In July, he launched an effort among soldiers in his command to both have the “hard conversations” about Floyd’s death and its aftermath — as well as spread a positive message of unity within Fort Eustis.
Then Buckner urged his battalion of about 200 soldiers to spread that message outside the base, too. “I challenged them to consider how we can take this positive communication effort and transform it into an enduring, positive action that transcends beyond the walls of Fort Eustis,” he said.
Staff Sgt. Lopez — a 35-year-old helicopter repair instructor who’s been stationed at Fort Eustis for two years — began spearheading the effort locally. Aside from his normal duties, Lopez is also an Army “Equal Opportunity Leader,” a group of soldiers chosen to work on such issues as harassment, bullying and discrimination.

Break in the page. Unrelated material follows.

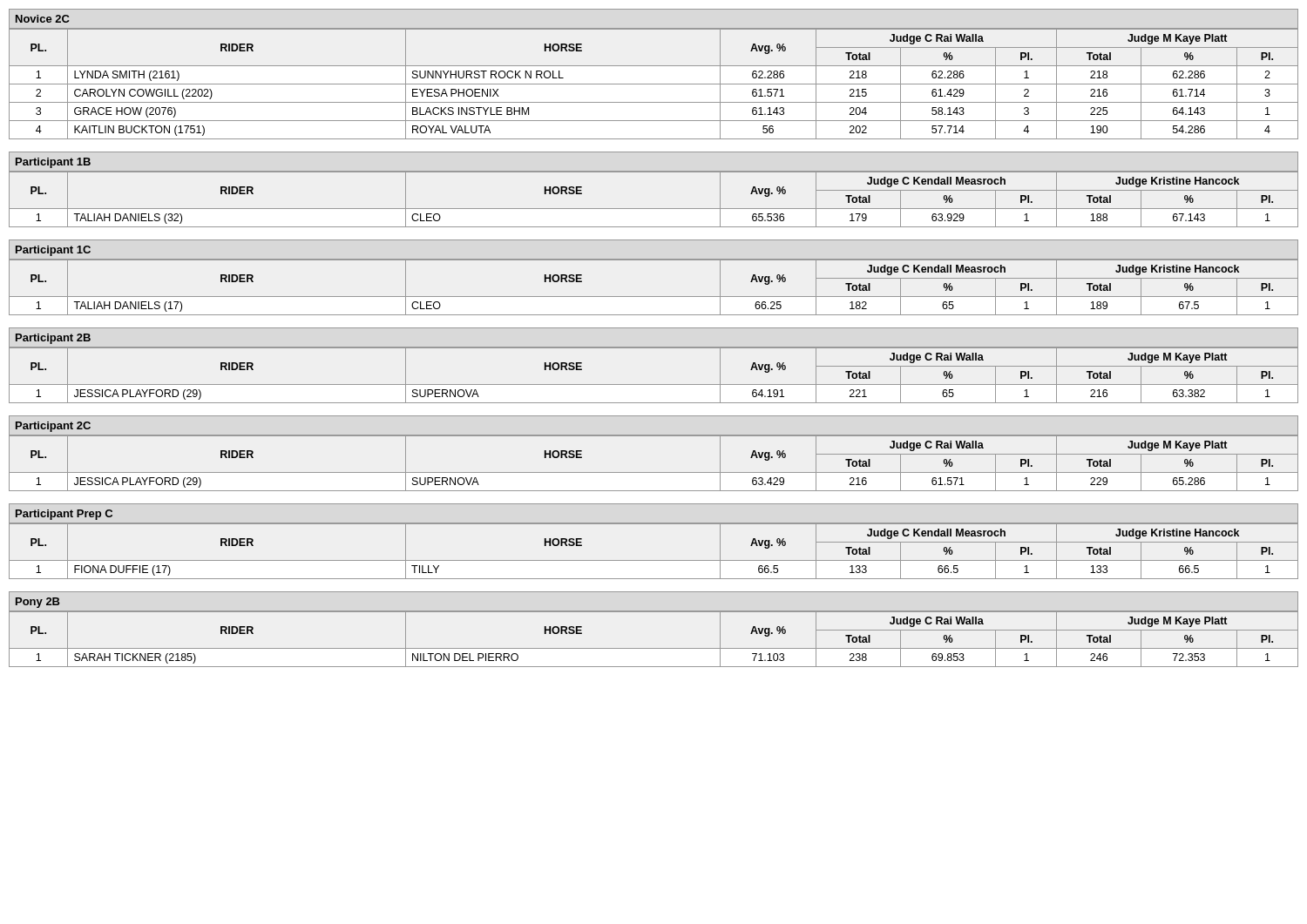Navigate to the block starting "Participant 1B"
The width and height of the screenshot is (1307, 924).
pos(53,162)

A colleague told Lopez about a Richmond non-profit that helped to maintain old cemeteries in that city. Lopez called that group, and someone there suggested the Hampton organizations.

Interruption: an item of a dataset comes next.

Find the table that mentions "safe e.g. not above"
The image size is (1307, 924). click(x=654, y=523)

“Once I met them, I pretty much knew they were the right group for us,” Lopez said of the Do Gooders and Barrett-Peake Foundation.
Buckner, too, was immediately on board. “The second I heard about this, I was like, ‘We’re in,’” he said. “I don’t even need to hear anything else.”

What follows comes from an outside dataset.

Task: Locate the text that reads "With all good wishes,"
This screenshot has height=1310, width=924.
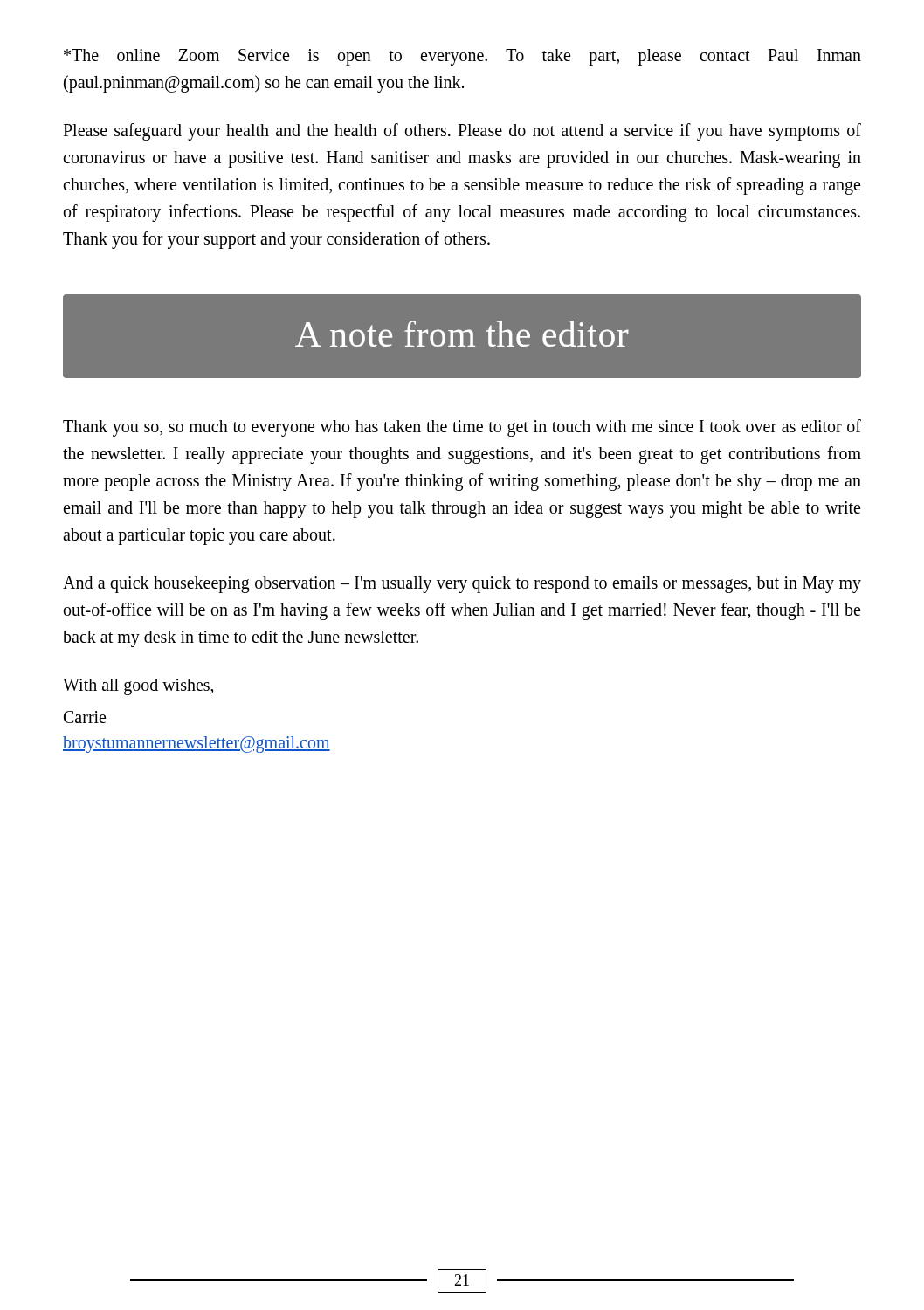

He liked that the cemetery project is closely connected to Black history and is “about the community trying to preserve its history and showing respect to those who have who have passed on.”
Lopez set a date for the event and began spreading word at the base for volunteers. “He really put his heart and soul into it,” Buckner said. “Then he put a mark on the wall and said, ‘Sir, I think this is the day that we go out.’”
Buckner was also able to use some military outreach funds to host a barbecue for all the volunteers.
“That’s so folks could enjoy and break bread with us after we’ve worked hard for several hours,” he said. “Because to me, nothing is better than opening your table to people you’ve just met, and hearing their story.”
‘Doing the Hallelujah dance’
Lopez’s plan now, he said, is to have the Fort Eustis soldiers come out to the cemeteries about once a month.
Smith, of Barrett-Peake, said her “strategic plan” is to have other volunteers come out in the next couple weeks to maintain what’s already been cut, then have the soldiers attack the taller areas in October.
McDew, for his part, said he’s happy that Mary Christian is getting her wish. “It was her passion to make sure that these cemeteries were taken care of, and we didn’t want to disappoint,” he said.
As the cleanup was underway that morning, Smith got a text message from Mary Christian’s daughter, Benita Taylor, who lives in Northern Virginia. Taylor had seen a Facebook post about the massive cemetery cleanup, and sent Smith a note.
“I know my mother is doing the Hallelujah dance up in heaven right now,” Taylor wrote in the message.